_LISTED RECORDS_:
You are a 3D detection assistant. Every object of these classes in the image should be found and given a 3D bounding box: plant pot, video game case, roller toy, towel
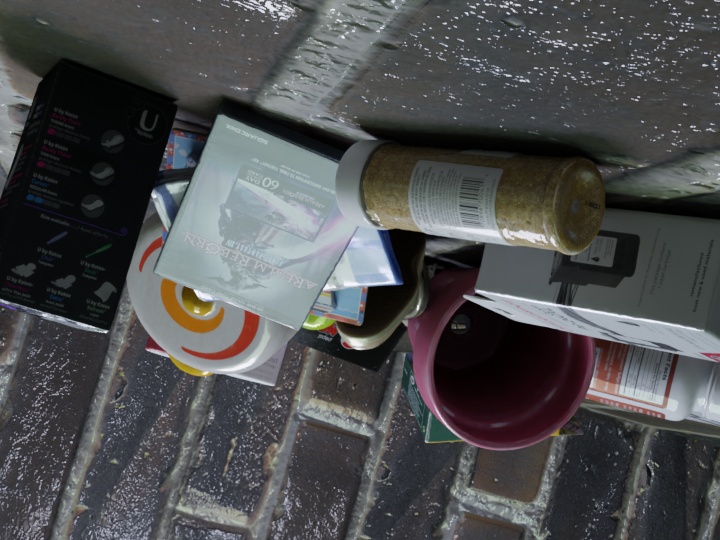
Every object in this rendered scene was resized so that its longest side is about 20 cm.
[{"bbox_3d":[0.139,0.078,1.411,0.200,0.200,0.179,18,-172,-20],"label":"plant pot"},{"bbox_3d":[-0.081,-0.039,1.050,0.143,0.019,0.200,22,133,-9],"label":"video game case"},{"bbox_3d":[-0.135,0.004,1.245,0.200,0.183,0.140,-18,-165,33],"label":"roller toy"},{"bbox_3d":[-0.075,-0.034,1.081,0.200,0.024,0.147,-4,128,19],"label":"towel"}]

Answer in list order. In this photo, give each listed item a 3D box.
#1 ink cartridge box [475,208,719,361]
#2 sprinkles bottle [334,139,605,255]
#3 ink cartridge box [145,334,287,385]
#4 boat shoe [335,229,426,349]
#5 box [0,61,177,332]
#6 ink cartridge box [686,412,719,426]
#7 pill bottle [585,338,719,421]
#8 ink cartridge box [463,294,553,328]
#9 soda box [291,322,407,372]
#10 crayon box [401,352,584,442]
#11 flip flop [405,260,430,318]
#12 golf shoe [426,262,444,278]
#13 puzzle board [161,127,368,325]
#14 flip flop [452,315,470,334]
[{"bbox_3d":[0.213,0.009,0.972,0.200,0.083,0.145,10,171,41],"label":"ink cartridge box"},{"bbox_3d":[0.074,-0.055,0.898,0.200,0.068,0.068,10,171,41],"label":"sprinkles bottle"},{"bbox_3d":[-0.144,0.019,1.448,0.085,0.200,0.146,8,170,44],"label":"ink cartridge box"},{"bbox_3d":[0.024,0.026,1.230,0.072,0.065,0.200,7,-148,11],"label":"boat shoe"},{"bbox_3d":[-0.242,-0.057,1.048,0.106,0.200,0.122,19,173,-22],"label":"box"},{"bbox_3d":[0.458,0.158,1.686,0.145,0.083,0.200,21,172,-35],"label":"ink cartridge box"},{"bbox_3d":[0.340,0.114,1.478,0.200,0.112,0.112,14,173,17],"label":"pill bottle"},{"bbox_3d":[0.214,0.021,1.202,0.200,0.067,0.116,10,171,39],"label":"ink cartridge box"},{"bbox_3d":[-0.046,0.049,1.418,0.200,0.071,0.063,24,-163,-37],"label":"soda box"},{"bbox_3d":[0.162,0.149,1.518,0.200,0.052,0.126,-1,-151,-13],"label":"crayon box"},{"bbox_3d":[0.000,0.000,1.384,0.058,0.081,0.200,-16,-148,-42],"label":"flip flop"},{"bbox_3d":[0.056,0.006,1.519,0.088,0.077,0.200,-19,152,36],"label":"golf shoe"},{"bbox_3d":[-0.084,-0.037,1.123,0.200,0.151,0.017,14,-154,11],"label":"puzzle board"},{"bbox_3d":[0.153,0.058,1.622,0.058,0.081,0.200,-3,179,-32],"label":"flip flop"}]

_PROBLEM DESCRIPTION_:
Each line from the beginning of the entries up to and including the one containing "#13 puzzle board [161,127,368,325]" must be restated exactly. Pictures are to be left out.

_RESULT FOR THIS EXERCISE_:
You are a 3D detection assistant. Every object of these classes in the image should be found and given a 3D bounding box: plant pot, video game case, roller toy, towel
Every object in this rendered scene was resized so that its longest side is about 20 cm.
[{"bbox_3d":[0.139,0.078,1.411,0.200,0.200,0.179,18,-172,-20],"label":"plant pot"},{"bbox_3d":[-0.081,-0.039,1.050,0.143,0.019,0.200,22,133,-9],"label":"video game case"},{"bbox_3d":[-0.135,0.004,1.245,0.200,0.183,0.140,-18,-165,33],"label":"roller toy"},{"bbox_3d":[-0.075,-0.034,1.081,0.200,0.024,0.147,-4,128,19],"label":"towel"}]

Answer in list order. In this photo, give each listed item a 3D box.
#1 ink cartridge box [475,208,719,361]
#2 sprinkles bottle [334,139,605,255]
#3 ink cartridge box [145,334,287,385]
#4 boat shoe [335,229,426,349]
#5 box [0,61,177,332]
#6 ink cartridge box [686,412,719,426]
#7 pill bottle [585,338,719,421]
#8 ink cartridge box [463,294,553,328]
#9 soda box [291,322,407,372]
#10 crayon box [401,352,584,442]
#11 flip flop [405,260,430,318]
#12 golf shoe [426,262,444,278]
#13 puzzle board [161,127,368,325]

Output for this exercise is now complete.